Note: The following steps for access control describe the minimum permissions required in most cases. In your deployment/ production, you may fine-tune those permissions to align with your business rules and compliance requirements. Refer to Microsoft Azure documentation for details.
- Go back to the resource group where your data factory resource is located and select the Data Factory resource.
- In the menu bar on the left, select Access Control (IAM) and add a role assignment.
- Add the <App Registration Name> you just created to the role of Data Factory Contributor of the resource.
Note: When you add or remove role assignments, wait for 5 minutes before executing an ODX task.
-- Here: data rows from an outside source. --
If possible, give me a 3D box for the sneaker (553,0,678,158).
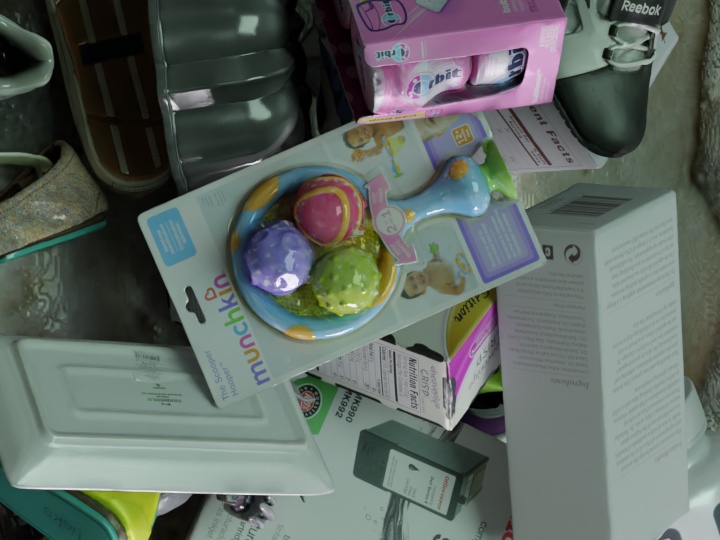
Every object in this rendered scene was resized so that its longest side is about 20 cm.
[{"bbox_3d":[0.149,-0.166,1.346,0.074,0.088,0.202,-11,95,-42],"label":"sneaker"}]

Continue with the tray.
[{"bbox_3d":[-0.110,0.073,1.268,0.199,0.022,0.108,5,42,-33],"label":"tray"}]

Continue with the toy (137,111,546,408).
[{"bbox_3d":[-0.008,-0.018,1.265,0.199,0.047,0.116,-24,89,-8],"label":"toy"}]

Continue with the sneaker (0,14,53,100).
[{"bbox_3d":[-0.252,-0.130,1.243,0.199,0.087,0.075,4,89,-42],"label":"sneaker"}]

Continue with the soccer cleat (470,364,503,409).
[{"bbox_3d":[0.065,0.065,1.483,0.200,0.080,0.068,29,72,-84],"label":"soccer cleat"}]

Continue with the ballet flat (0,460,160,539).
[{"bbox_3d":[-0.194,0.088,1.261,0.199,0.067,0.067,30,46,7],"label":"ballet flat"}]

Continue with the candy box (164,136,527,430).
[{"bbox_3d":[0.000,0.000,1.390,0.137,0.199,0.061,-51,150,-37],"label":"candy box"}]

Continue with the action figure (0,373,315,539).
[{"bbox_3d":[-0.110,0.111,1.329,0.199,0.130,0.070,-31,143,-20],"label":"action figure"}]

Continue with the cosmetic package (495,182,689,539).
[{"bbox_3d":[0.136,0.059,1.353,0.101,0.071,0.202,-23,113,-52],"label":"cosmetic package"}]

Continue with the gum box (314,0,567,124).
[{"bbox_3d":[0.033,-0.170,1.297,0.113,0.201,0.066,-9,141,-12],"label":"gum box"}]

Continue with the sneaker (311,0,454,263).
[{"bbox_3d":[0.013,-0.076,1.371,0.115,0.080,0.201,83,3,-69],"label":"sneaker"}]

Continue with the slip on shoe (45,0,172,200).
[{"bbox_3d":[-0.143,-0.140,1.367,0.075,0.061,0.202,-11,80,-9],"label":"slip on shoe"}]

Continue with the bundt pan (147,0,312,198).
[{"bbox_3d":[-0.071,-0.127,1.341,0.075,0.202,0.204,-6,90,2],"label":"bundt pan"}]

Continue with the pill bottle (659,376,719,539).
[{"bbox_3d":[0.226,0.181,1.663,0.119,0.119,0.201,-36,113,-37],"label":"pill bottle"}]

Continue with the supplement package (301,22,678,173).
[{"bbox_3d":[0.077,-0.140,1.472,0.118,0.199,0.117,51,57,-29],"label":"supplement package"}]

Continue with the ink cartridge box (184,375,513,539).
[{"bbox_3d":[0.007,0.152,1.417,0.199,0.084,0.147,24,69,-3],"label":"ink cartridge box"}]

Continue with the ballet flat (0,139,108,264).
[{"bbox_3d":[-0.224,-0.025,1.288,0.200,0.068,0.068,-29,102,-49],"label":"ballet flat"}]

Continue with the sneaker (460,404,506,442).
[{"bbox_3d":[0.056,0.155,1.534,0.199,0.075,0.100,-33,132,-29],"label":"sneaker"}]

It can take up to 30 minutes for changes to take effect. For more details, review this article Troubleshoot Azure RBAC
Transfer Data from Source to ODX using Azure Data Factory
- Open your ODX server in a tab
- Right click Data Sources and click Add Data Source...
- On the first page, enter a Name and (optional) Description for your data source and click Next
- On the Provider page, select one of the following Azure Data Factory data sources provider and click Next
- On the Connection Info page, enter the below information and click Next.
- Azure Data Factory Info
- Azure AD App Registration created in the above section
- Application ID
- Application Key (Client Secret)
- (Optional) Azure Data Factory folder name - pipelines and datasets will be placed in this folder in ADF.
- Azure Data Factory Name
- Resource Group
- Subscription ID
- Azure Tenant ID
- Azure AD App Registration created in the above section
- Azure SQL connection
- The SQLAuthentication Authentication type is the only available option
- The Command timeout is in seconds, so the default is 1 hour.
- The Data source is the fully qualified server name of the data source - This is the connection property used by Azure Data Factory when extracting data and when synchronizing metadata (Schemas, Table Names, Field Names & Data Types).
- The Database name you want to connect to on the data source
- Integration runtime name: This is only required when connecting to On-Premise data sources. If using this option, you must also Configure a Self-Hosted Integration Runtime.
- The Username is the SQL authentication user name
- The Password is the password of the above user account
- MySQL Connection
- The Command timeout is in seconds, so the default is 1 hour.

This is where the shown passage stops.